There are several key elements that will influence the final analysis of Croatia's participation in the exercise, i.e. Croatia's readiness to take on full NATO membership. This involves, first of all, NATO's concept of host-country support whose aim is to do everything related to logistics in the reception of allied forces on its territory, on land, sea and in the air. Pula, Zadar and Split are most likely to be responsible for organising the reception of NATO's forces in the manoeuvre. All 9,000 NATO special forces will not, of course, be accommodated on land, but conditions for all living and working conditions will have to be secured on the Croatian coast for a part of them.

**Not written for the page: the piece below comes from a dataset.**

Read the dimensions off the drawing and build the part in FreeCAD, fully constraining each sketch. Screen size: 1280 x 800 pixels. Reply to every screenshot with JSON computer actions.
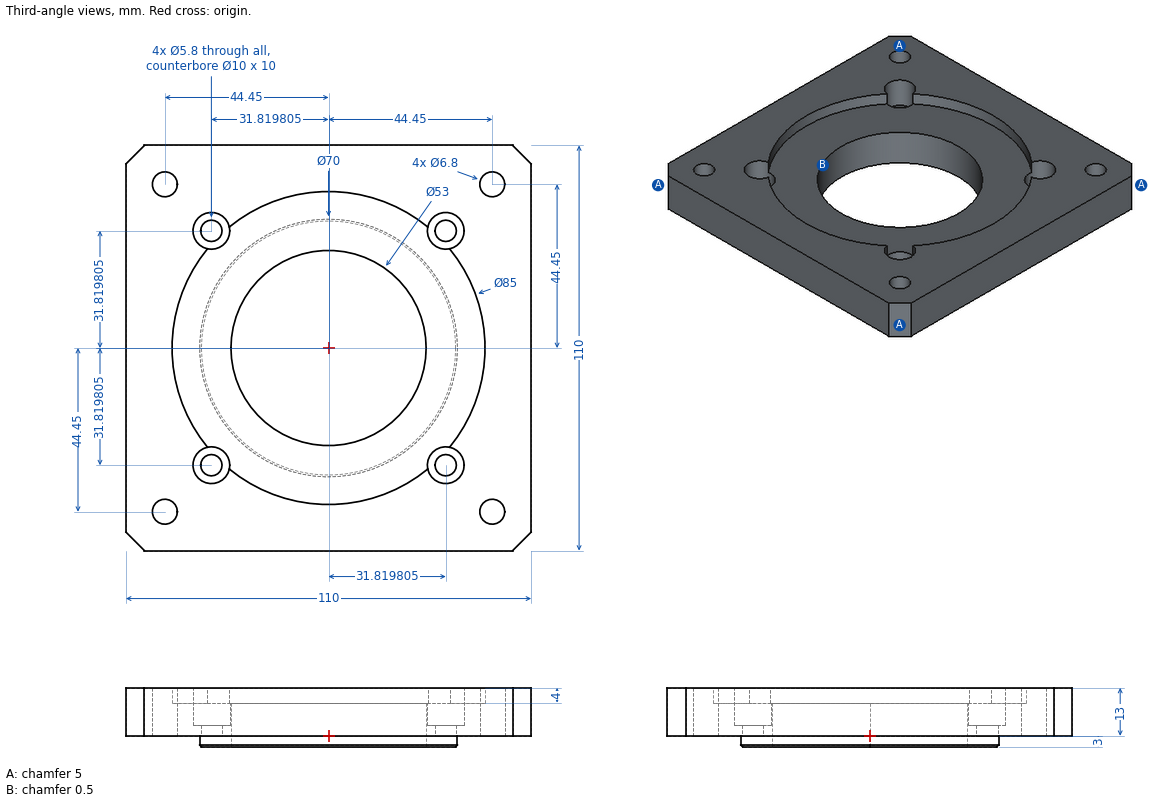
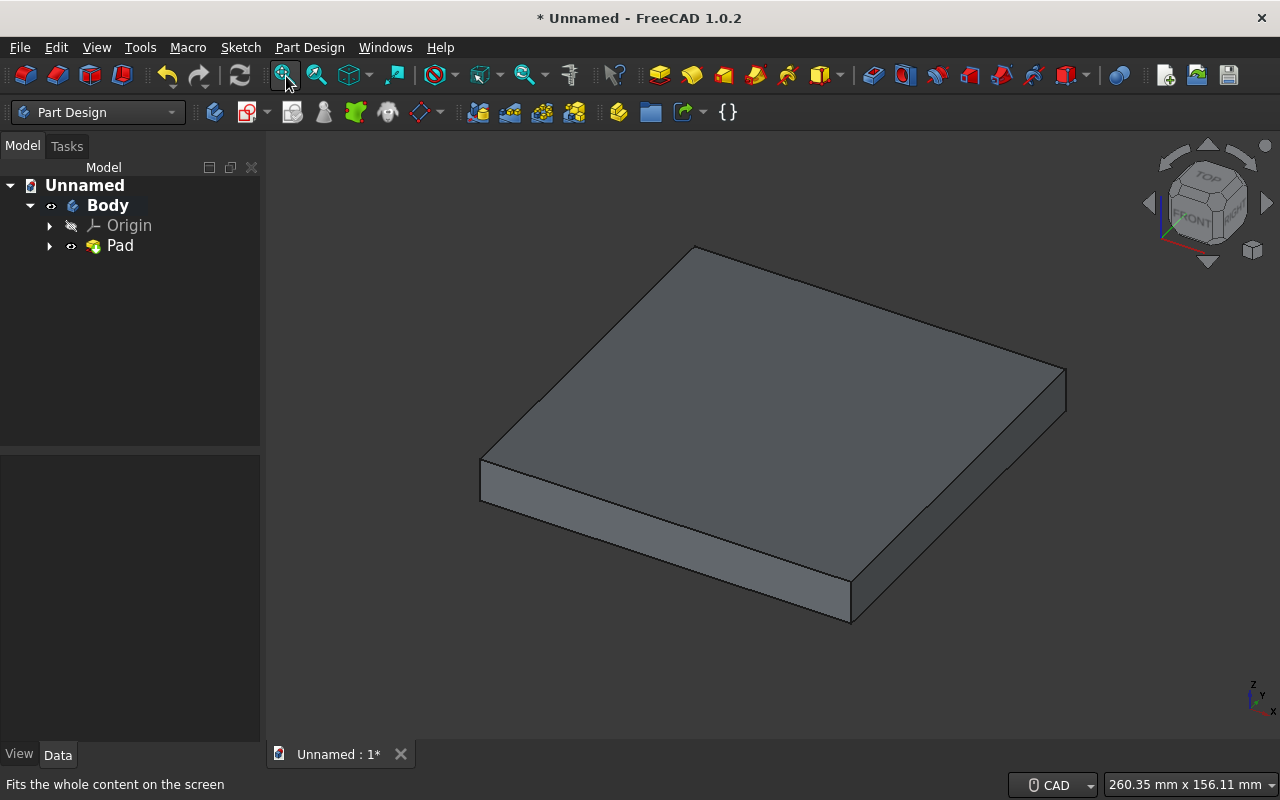
{"action": "left_click", "coordinate": [773, 413]}

It should be noted that the Croatian defence ministry and the Croatian Armed forces are not the only institutions responsible for an overall positive response to the exercise – the task will be equally the responsibility of the interior ministry, the transport ministry, Government's PR Office, the foreign affairs ministry, coastal cities and some ten other national institutions.
Taking a direct part in the manoeuvres alongside NATO commandos will be Croatian land, sea and air forces with a dozen vessels, a landing ship, a minesweeper, a missile gunboat, patrol ships, anti-mine divers, likely members of the commando infantry forces of the 4th Guard's Brigade, and the possible participation of two Croatian MI-8 helicopters reserved precisely for NATO exercises cannot be ruled out. In the exercise scenario the Croatian Armed Forces will play the role of forces opposed to NATO's, customary for host countries of these types of manoeuvres.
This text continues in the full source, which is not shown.